= Dataset =
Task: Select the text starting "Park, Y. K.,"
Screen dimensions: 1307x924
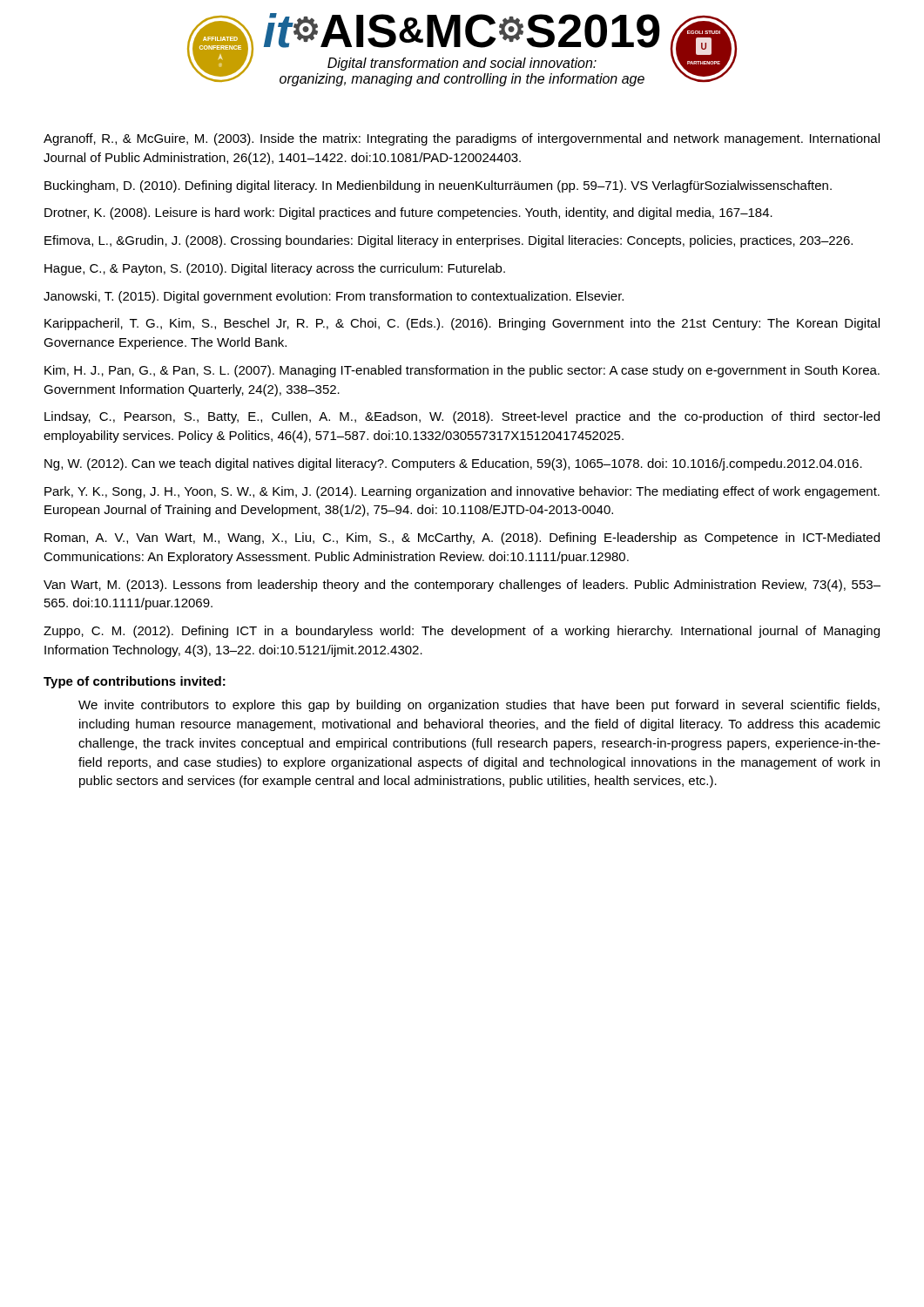Action: point(462,500)
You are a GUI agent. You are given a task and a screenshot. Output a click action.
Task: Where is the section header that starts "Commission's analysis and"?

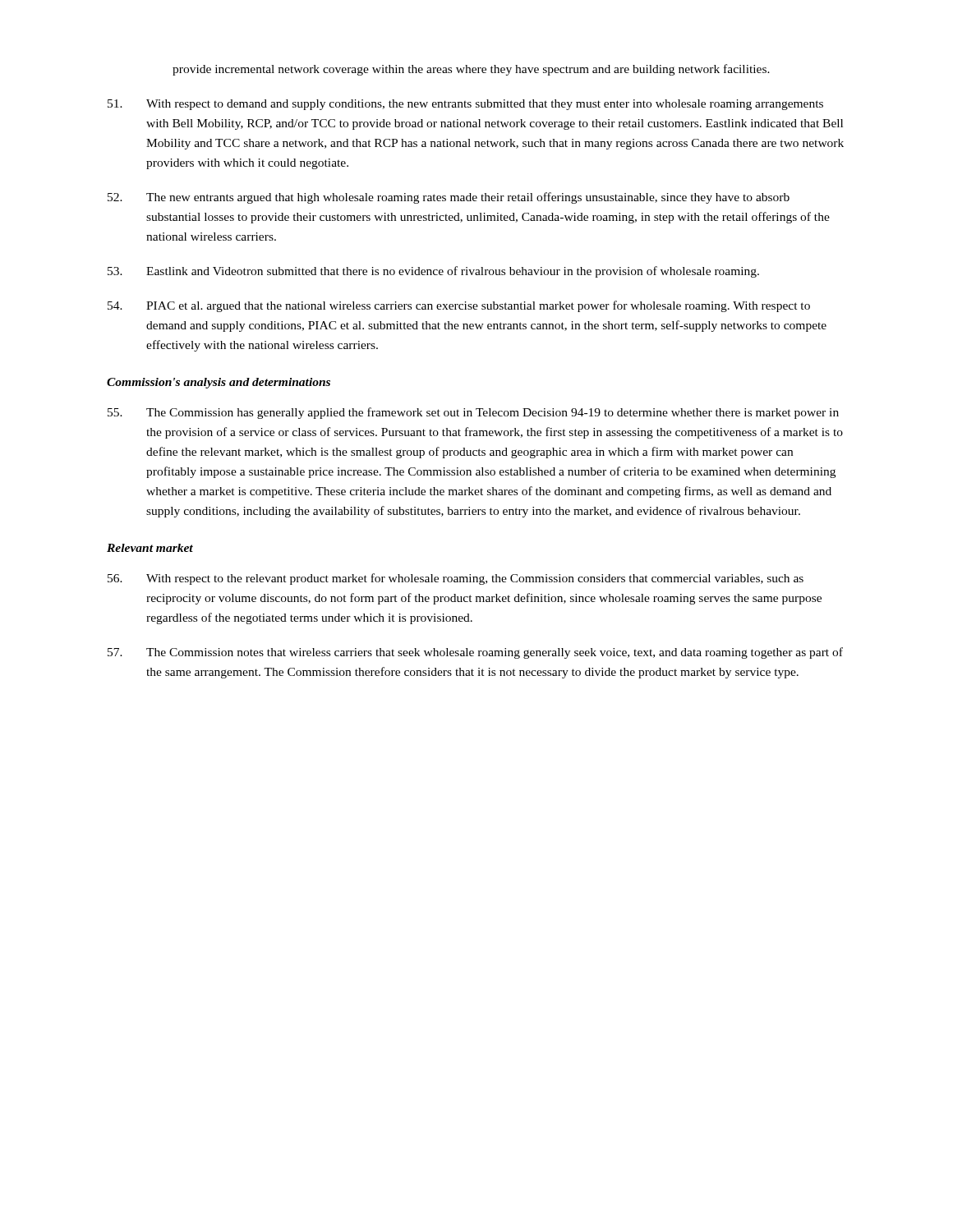tap(219, 382)
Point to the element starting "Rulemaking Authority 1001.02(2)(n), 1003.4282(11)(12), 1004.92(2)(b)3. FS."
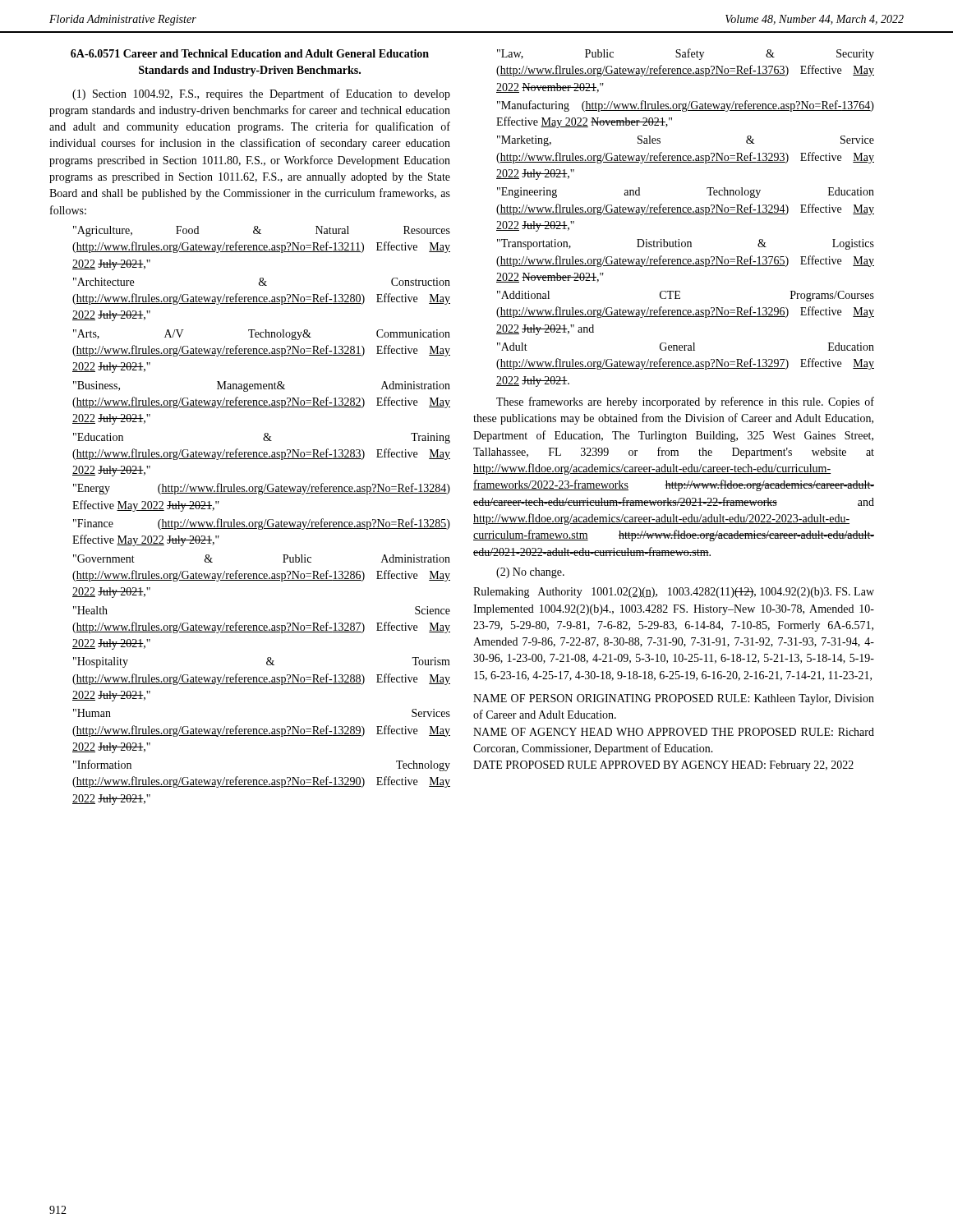 (674, 634)
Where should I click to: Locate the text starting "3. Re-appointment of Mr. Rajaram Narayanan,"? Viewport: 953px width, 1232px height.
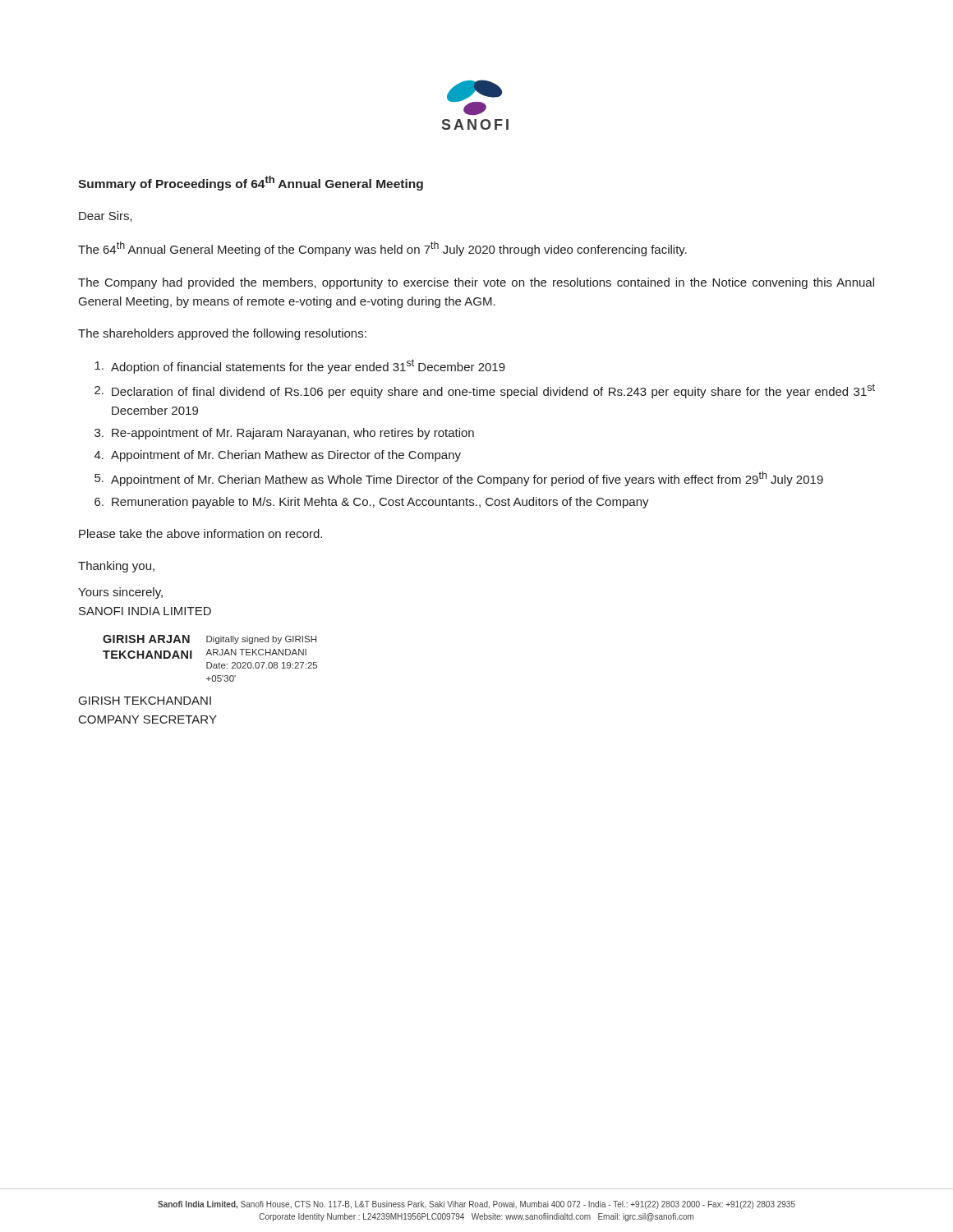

= What the task asks =
Return each entry exactly as given. Leave the images out.

= Result of the task =
Task: Select the text starting "Park, Y. K.,"
Screen dimensions: 1307x924
Action: point(462,500)
You are a GUI agent. You are given a task and a screenshot. Output a click action.
Task: Where is the section header that starts "Commission's analysis and"?

tap(219, 382)
Point to the element starting "Rulemaking Authority 1001.02(2)(n), 1003.4282(11)(12), 1004.92(2)(b)3. FS."
 (674, 634)
Where should I click to: Locate the text starting "3. Re-appointment of Mr. Rajaram Narayanan,"? Viewport: 953px width, 1232px height.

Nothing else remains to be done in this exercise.